For better stopping power the Arteon’s brake rotors are larger than those on the A-Class:
For better traction, the Arteon has larger tires than the A-Class (245/45R18 vs. 205/55R17).
The Arteon’s standard tires provide better handling because they have a lower 45 series profile (height to width ratio) that provides a stiffer sidewall than the A-Class’ standard 55 series tires. The Arteon’s optional tires have a lower 40 series profile than the A-Class’ 55 series tires.
For better ride, handling and brake cooling the Arteon has standard 18-inch wheels. Smaller 17-inch wheels are standard on the A-Class. The Arteon’s optional 20-inch wheels are larger than the 19-inch wheels optional on the A-Class.
The Arteon has a standard space-saver spare tire so you can replace a flat tire and drive to have the flat repaired or replaced. A spare tire isn’t available on the A-Class; it requires you to depend on its run-flat tires, which limits mileage and speed before they are repaired. If a run-flat is damaged beyond repair by a road hazard your vehicle will have to be towed.
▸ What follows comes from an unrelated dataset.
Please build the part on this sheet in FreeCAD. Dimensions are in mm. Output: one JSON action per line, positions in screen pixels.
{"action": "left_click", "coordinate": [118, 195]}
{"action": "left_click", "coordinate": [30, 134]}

For a smoother ride and more stable handling, the Arteon’s wheelbase is 4.5 inches longer than on the A-Class (111.9 inches vs. 107.4 inches).
For better handling and stability, the track (width between the wheels) on the Arteon is .8 inches wider in the front and 1.2 inches wider in the rear than on the A-Class.
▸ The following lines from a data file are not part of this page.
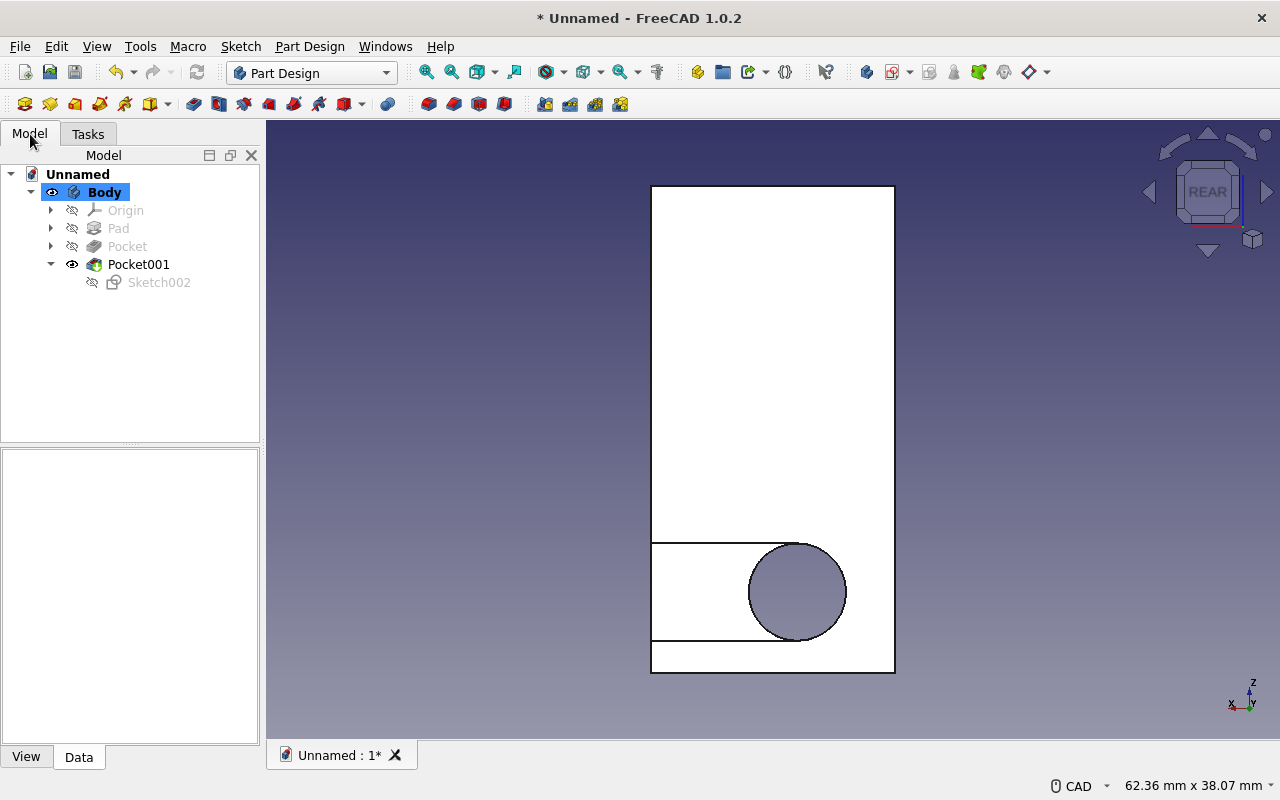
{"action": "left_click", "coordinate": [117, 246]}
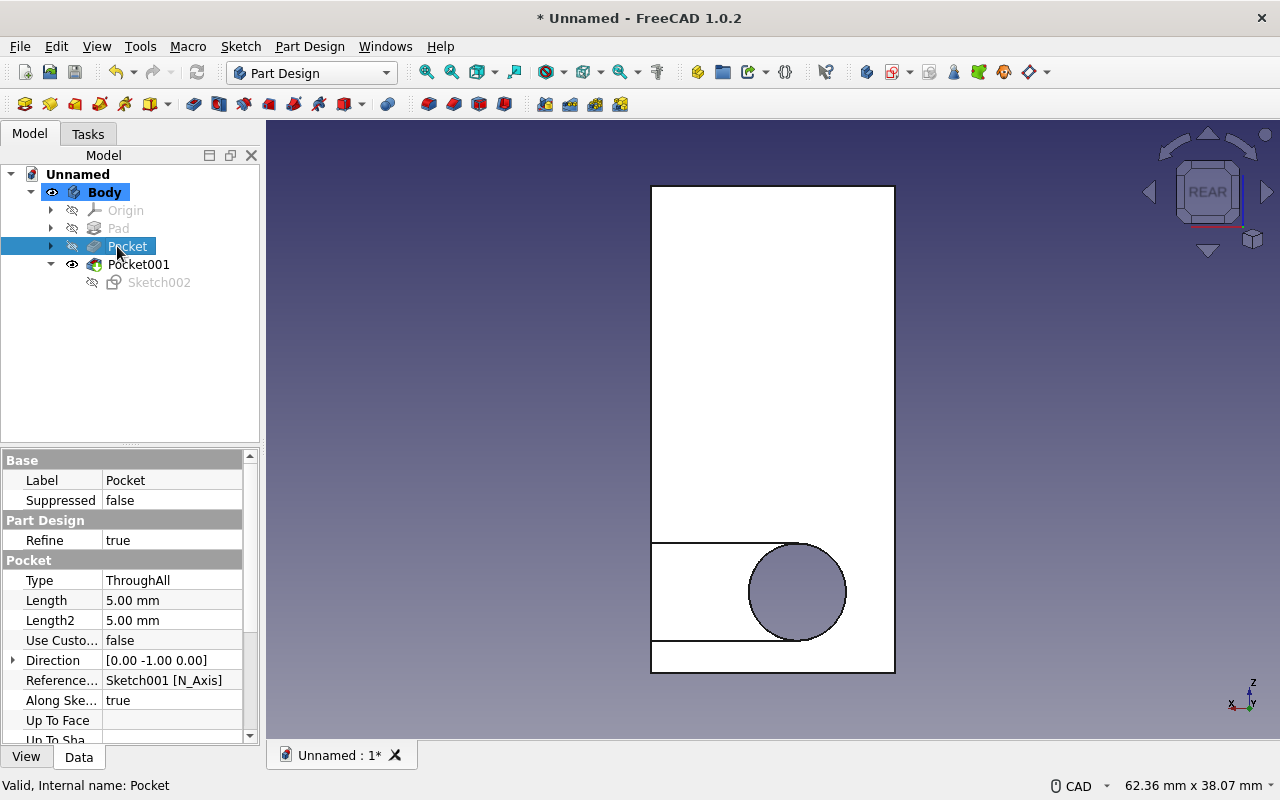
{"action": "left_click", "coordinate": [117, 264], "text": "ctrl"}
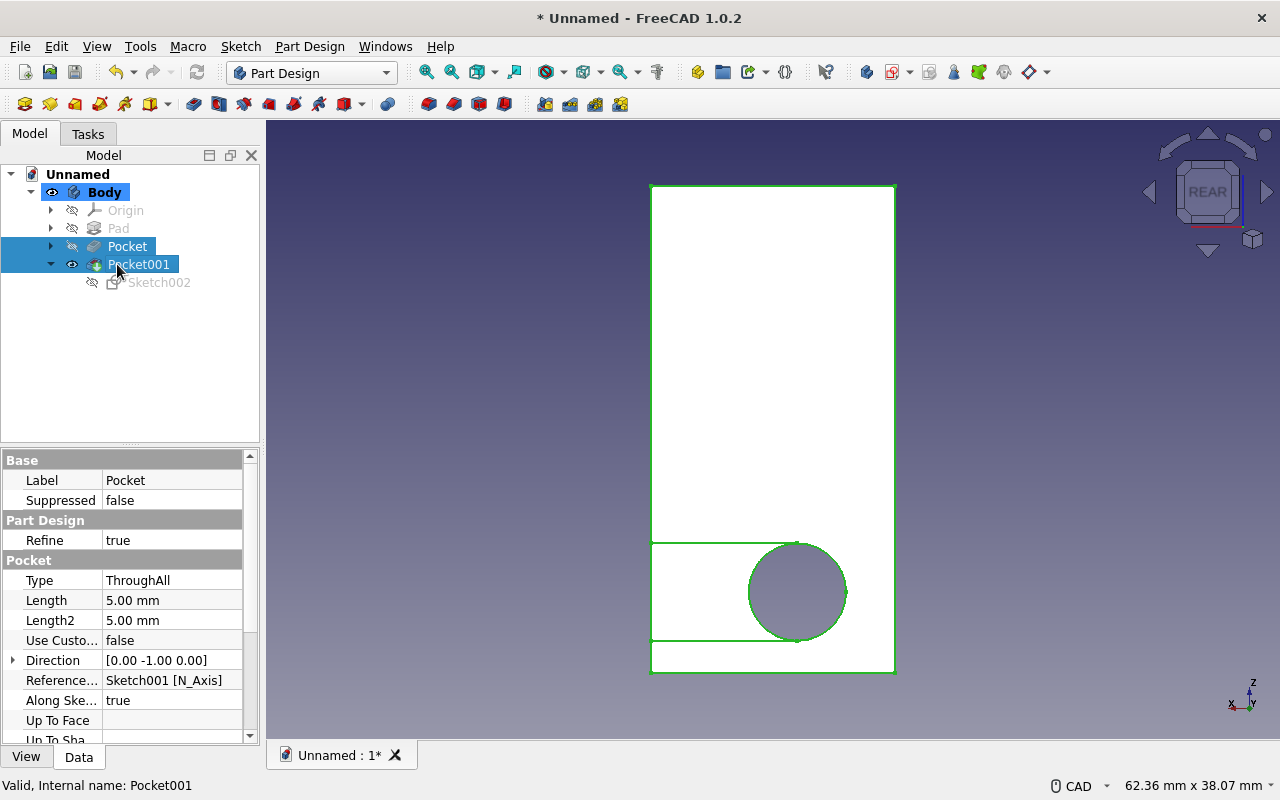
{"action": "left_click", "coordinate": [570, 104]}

Because it has more passenger and cargo room, the EPA rates the Arteon a Large car, while the A-Class is rated a Compact.
The Arteon has 3.2 cubic feet more passenger volume than the A-Class (96.2 vs. 93).
The Arteon has 1.4 inches more front shoulder room, 6.3 inches more rear legroom and .7 inches more rear shoulder room than the A-Class.
The Arteon has a much larger trunk than the A-Class (27.2 vs. 8.6 cubic feet).
To make loading and unloading groceries and cargo easier, especially for short adults, the Arteon SEL Premium has a standard power liftgate, which opens and closes automatically by pressing a button or just by kicking your foot under the back bumper, completely leaving your hands free. The A-Class doesn’t offer a power trunk, so its trunk has to be closed manually.
To shield the driver and front passenger’s vision over a larger portion of the windshield and side windows, the Arteon has standard extendable sun visors. The A-Class doesn’t offer extendable visors.
The Arteon has standard heated front seats. Heated front seats cost extra on the A-Class. The Arteon SEL Premium also has standard heated rear seats to keep those passengers extremely comfortable in the winter. Heated rear seats aren’t available in the A-Class.